Heart failure, or congestive heart failure (CHF), occurs when your heart cannot pump enough blood because the chambers of the heart cannot fill up with enough blood or the heart itself cannot pump blood with enough force.

What causes heart failure?
Conditions that damage, stress or weaken your heart — coronary artery disease, heart attack, high blood pressure (hypertension) — are potential causes of heart failure.

What are the symptoms of heart failure?
Heart failure may present itself in early stages through such symptoms as shortness of breath, a persistent cough, general fatigue, nausea, mental confusion, lack of appetite or swelling in the feet, ankles, legs or abdomen.

What tests are used to diagnose heart failure?
To determine if you are experiencing heart failure, our team may recommend blood tests, a chest X-ray, an electrocardiogram (EKG) and echocardiogram, a stress test, a CT or MRI scan, an angiogram (cardiac catheterization) or scans using radioactive substances.

How is heart failure treated?
The course of treatment our physicians will recommend depends on the severity of your condition. The treatment plan may include lifestyle changes, medication, bypass surgery, angioplasty, pacemaker or a heart transplant.

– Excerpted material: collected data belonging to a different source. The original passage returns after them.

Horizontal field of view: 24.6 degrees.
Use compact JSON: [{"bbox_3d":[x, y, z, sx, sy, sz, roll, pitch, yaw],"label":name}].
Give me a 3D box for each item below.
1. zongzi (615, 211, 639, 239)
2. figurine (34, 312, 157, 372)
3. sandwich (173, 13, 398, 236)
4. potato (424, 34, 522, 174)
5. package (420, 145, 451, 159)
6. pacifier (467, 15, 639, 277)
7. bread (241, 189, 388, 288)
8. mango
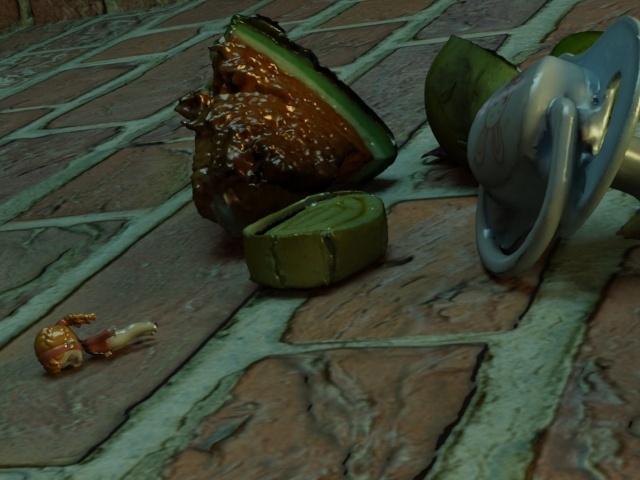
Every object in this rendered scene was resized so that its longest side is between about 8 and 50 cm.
[{"bbox_3d":[0.444,-0.072,1.242,0.317,0.154,0.289,-10,6,37],"label":"zongzi"},{"bbox_3d":[-0.200,0.086,1.304,0.109,0.047,0.064,-11,-14,-22],"label":"figurine"},{"bbox_3d":[-0.064,-0.090,1.621,0.162,0.250,0.301,-52,4,33],"label":"sandwich"},{"bbox_3d":[0.185,-0.128,1.604,0.111,0.160,0.272,-49,29,3],"label":"potato"},{"bbox_3d":[0.164,-0.109,1.723,0.083,0.029,0.059,1,27,45],"label":"package"},{"bbox_3d":[0.254,-0.063,1.309,0.225,0.238,0.287,17,-16,-10],"label":"pacifier"},{"bbox_3d":[0.000,0.000,1.412,0.156,0.064,0.117,-24,25,-39],"label":"bread"},{"bbox_3d":[0.337,-0.200,1.796,0.119,0.100,0.178,24,-5,-22],"label":"mango"}]
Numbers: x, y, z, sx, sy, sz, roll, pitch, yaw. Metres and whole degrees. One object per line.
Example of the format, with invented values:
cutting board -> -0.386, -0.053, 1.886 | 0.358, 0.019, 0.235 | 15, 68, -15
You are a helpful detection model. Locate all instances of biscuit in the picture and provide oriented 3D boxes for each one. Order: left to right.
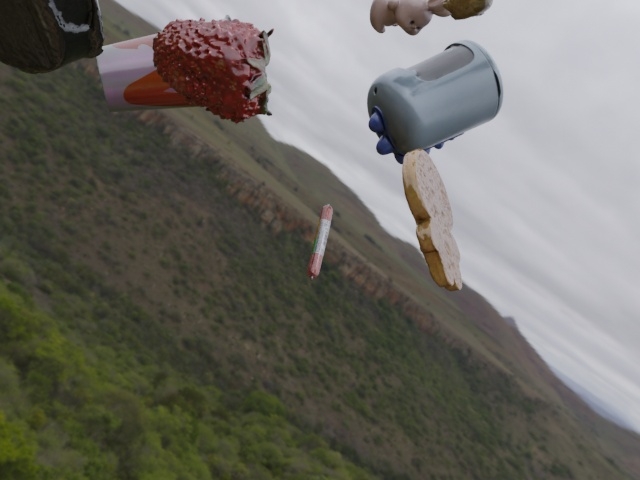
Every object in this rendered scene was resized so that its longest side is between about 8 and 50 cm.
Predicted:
biscuit -> 0.217, -0.042, 1.212 | 0.202, 0.044, 0.288 | 13, 64, -61

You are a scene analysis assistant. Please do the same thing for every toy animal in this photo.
toy animal -> 0.223, -0.546, 1.491 | 0.213, 0.124, 0.124 | 22, -6, 37

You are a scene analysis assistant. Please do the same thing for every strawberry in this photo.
strawberry -> -0.178, -0.270, 0.983 | 0.208, 0.167, 0.087 | 2, 9, 6

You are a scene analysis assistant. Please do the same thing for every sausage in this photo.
sausage -> 0.000, 0.000, 1.480 | 0.030, 0.223, 0.029 | 9, -34, 6

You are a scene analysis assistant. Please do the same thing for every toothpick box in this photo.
toothpick box -> 0.286, -0.359, 1.677 | 0.263, 0.355, 0.263 | 56, -18, 28

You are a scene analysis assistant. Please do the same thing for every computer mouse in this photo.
computer mouse -> -0.338, -0.271, 0.611 | 0.296, 0.087, 0.168 | 21, -34, 11

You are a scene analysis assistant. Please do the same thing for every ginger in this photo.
ginger -> 0.341, -0.539, 1.330 | 0.096, 0.165, 0.067 | 21, 38, -26

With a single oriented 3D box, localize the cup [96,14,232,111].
cup -> -0.319, -0.362, 1.332 | 0.203, 0.289, 0.202 | 168, -90, -76
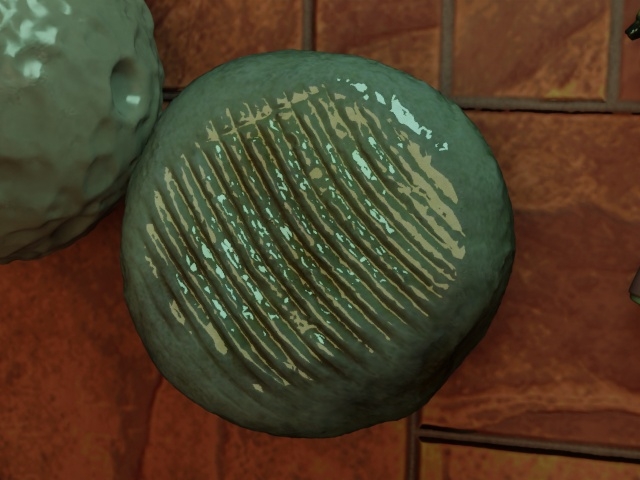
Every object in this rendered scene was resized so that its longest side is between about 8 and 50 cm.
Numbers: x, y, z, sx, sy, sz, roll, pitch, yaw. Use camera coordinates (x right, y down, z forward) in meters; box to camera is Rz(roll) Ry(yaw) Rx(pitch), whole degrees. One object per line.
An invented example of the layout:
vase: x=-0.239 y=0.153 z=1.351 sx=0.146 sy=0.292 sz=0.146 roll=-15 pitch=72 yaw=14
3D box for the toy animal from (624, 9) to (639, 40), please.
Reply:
toy animal: x=0.372 y=-0.189 z=1.082 sx=0.218 sy=0.101 sz=0.103 roll=7 pitch=101 yaw=17

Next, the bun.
bun: x=0.000 y=0.000 z=1.159 sx=0.361 sy=0.211 sz=0.362 roll=1 pitch=94 yaw=19

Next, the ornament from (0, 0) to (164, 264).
ornament: x=-0.314 y=-0.141 z=1.189 sx=0.337 sy=0.337 sz=0.337 roll=2 pitch=95 yaw=16

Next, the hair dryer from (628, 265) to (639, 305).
hair dryer: x=0.364 y=0.037 z=1.147 sx=0.154 sy=0.054 sz=0.106 roll=26 pitch=97 yaw=3
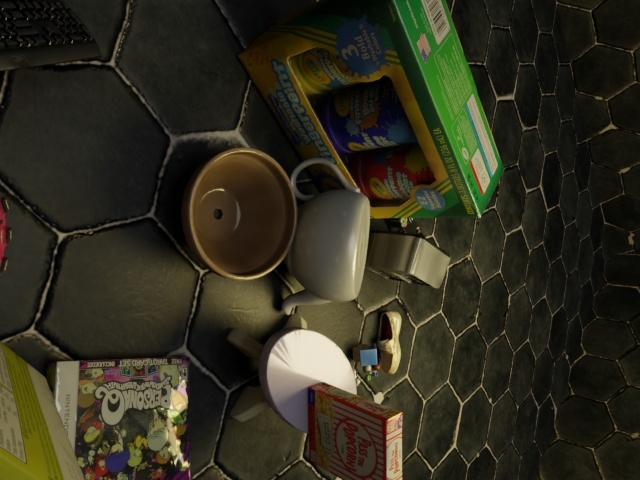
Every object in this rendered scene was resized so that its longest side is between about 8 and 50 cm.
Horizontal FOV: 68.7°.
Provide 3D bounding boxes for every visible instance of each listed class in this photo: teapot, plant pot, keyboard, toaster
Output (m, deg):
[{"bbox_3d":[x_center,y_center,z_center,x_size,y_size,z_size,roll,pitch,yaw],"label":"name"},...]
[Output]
[{"bbox_3d":[0.000,0.000,0.995,0.253,0.186,0.256,83,19,-53],"label":"teapot"},{"bbox_3d":[-0.164,-0.050,0.871,0.237,0.109,0.238,-6,98,-44],"label":"plant pot"},{"bbox_3d":[-0.422,-0.282,0.547,0.201,0.033,0.317,45,28,-8],"label":"keyboard"},{"bbox_3d":[0.220,0.044,1.217,0.185,0.168,0.110,29,74,-43],"label":"toaster"}]

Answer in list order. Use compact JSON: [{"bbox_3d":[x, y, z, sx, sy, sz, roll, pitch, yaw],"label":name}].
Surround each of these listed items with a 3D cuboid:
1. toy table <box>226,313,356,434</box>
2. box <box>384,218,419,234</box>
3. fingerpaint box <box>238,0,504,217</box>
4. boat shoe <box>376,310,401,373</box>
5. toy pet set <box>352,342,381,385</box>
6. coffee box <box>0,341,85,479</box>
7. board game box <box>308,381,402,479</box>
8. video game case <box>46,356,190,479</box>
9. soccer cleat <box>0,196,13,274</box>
[{"bbox_3d":[-0.064,0.275,0.961,0.252,0.160,0.274,-46,122,-31],"label":"toy table"},{"bbox_3d":[0.228,-0.046,1.299,0.062,0.052,0.083,-50,126,-28],"label":"box"},{"bbox_3d":[0.107,-0.252,0.940,0.163,0.370,0.445,-54,128,-30],"label":"fingerpaint box"},{"bbox_3d":[0.180,0.276,1.275,0.059,0.063,0.170,15,73,-42],"label":"boat shoe"},{"bbox_3d":[0.129,0.327,1.222,0.122,0.065,0.114,-13,102,-44],"label":"toy pet set"},{"bbox_3d":[-0.471,0.210,0.396,0.337,0.338,0.334,-45,122,-22],"label":"coffee box"},{"bbox_3d":[0.058,0.353,0.838,0.045,0.193,0.147,-5,95,-43],"label":"board game box"},{"bbox_3d":[-0.316,0.297,0.750,0.232,0.041,0.211,14,66,-48],"label":"video game case"},{"bbox_3d":[-0.485,-0.078,0.569,0.143,0.116,0.332,3,112,-3],"label":"soccer cleat"}]
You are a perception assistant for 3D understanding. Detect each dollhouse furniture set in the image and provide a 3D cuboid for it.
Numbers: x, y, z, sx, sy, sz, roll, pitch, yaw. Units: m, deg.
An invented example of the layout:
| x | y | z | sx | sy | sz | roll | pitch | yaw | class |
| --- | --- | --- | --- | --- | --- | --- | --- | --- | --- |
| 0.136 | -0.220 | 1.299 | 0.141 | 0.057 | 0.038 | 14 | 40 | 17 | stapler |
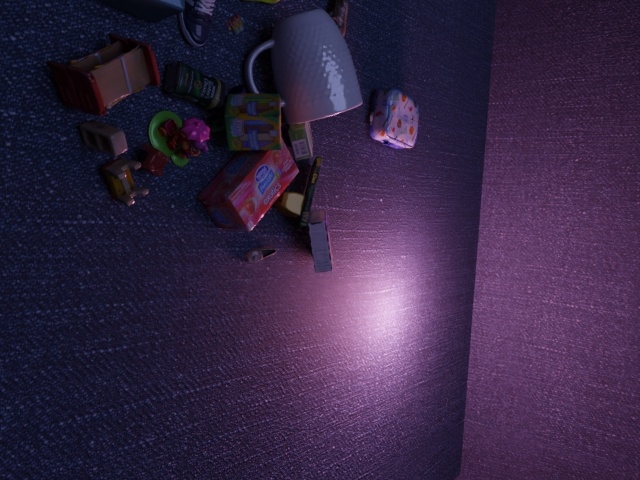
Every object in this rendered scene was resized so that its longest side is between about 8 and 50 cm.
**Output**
| x | y | z | sx | sy | sz | roll | pitch | yaw | class |
| --- | --- | --- | --- | --- | --- | --- | --- | --- | --- |
| -0.517 | -0.307 | 1.462 | 0.201 | 0.152 | 0.374 | -45 | 145 | -40 | dollhouse furniture set |

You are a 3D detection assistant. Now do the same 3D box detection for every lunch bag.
| x | y | z | sx | sy | sz | roll | pitch | yaw | class |
| --- | --- | --- | --- | --- | --- | --- | --- | --- | --- |
| 0.324 | -0.528 | 2.500 | 0.303 | 0.115 | 0.243 | 6 | 92 | -53 | lunch bag |

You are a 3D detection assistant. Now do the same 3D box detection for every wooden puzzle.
| x | y | z | sx | sy | sz | roll | pitch | yaw | class |
| --- | --- | --- | --- | --- | --- | --- | --- | --- | --- |
| -0.267 | -0.688 | 1.809 | 0.083 | 0.006 | 0.049 | -52 | 132 | -34 | wooden puzzle |

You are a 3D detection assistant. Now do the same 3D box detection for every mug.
| x | y | z | sx | sy | sz | roll | pitch | yaw | class |
| --- | --- | --- | --- | --- | --- | --- | --- | --- | --- |
| -0.072 | -0.572 | 1.898 | 0.374 | 0.276 | 0.328 | -21 | 108 | -16 | mug |

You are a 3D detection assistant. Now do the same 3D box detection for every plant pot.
| x | y | z | sx | sy | sz | roll | pitch | yaw | class |
| --- | --- | --- | --- | --- | --- | --- | --- | --- | --- |
| -0.482 | -0.674 | 1.420 | 0.234 | 0.165 | 0.166 | 1 | 94 | -44 | plant pot |
| -0.116 | -0.136 | 2.018 | 0.083 | 0.081 | 0.081 | 21 | 78 | -37 | plant pot |

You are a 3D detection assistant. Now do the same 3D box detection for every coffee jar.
| x | y | z | sx | sy | sz | roll | pitch | yaw | class |
| --- | --- | --- | --- | --- | --- | --- | --- | --- | --- |
| -0.362 | -0.448 | 1.661 | 0.184 | 0.079 | 0.096 | 10 | 86 | -52 | coffee jar |

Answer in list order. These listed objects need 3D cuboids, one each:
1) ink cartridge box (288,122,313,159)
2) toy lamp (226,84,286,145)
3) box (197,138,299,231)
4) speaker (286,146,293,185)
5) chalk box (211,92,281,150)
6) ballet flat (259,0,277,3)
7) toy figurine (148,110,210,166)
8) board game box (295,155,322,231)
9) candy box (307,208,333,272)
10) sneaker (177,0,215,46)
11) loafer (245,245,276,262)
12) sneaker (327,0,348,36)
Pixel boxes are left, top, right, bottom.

How will I know if I need a heart transplant?
If your condition does not improve and we have exhausted all possible treatments for heart failure, our team will discuss the possibility of a heart transplant. We will explain the entire procedure and will assist you in finding a donor. Physicians and surgeons at the Houston Methodist J.C. Walter Jr. Transplant Center are leaders in the field of transplantation.

How do I care for myself when I go home from the hospital?
Before you go home from the hospital, our team will explain how to care for yourself and how to monitor your condition. We will also set a schedule for check-ups and will be available for any questions you might have.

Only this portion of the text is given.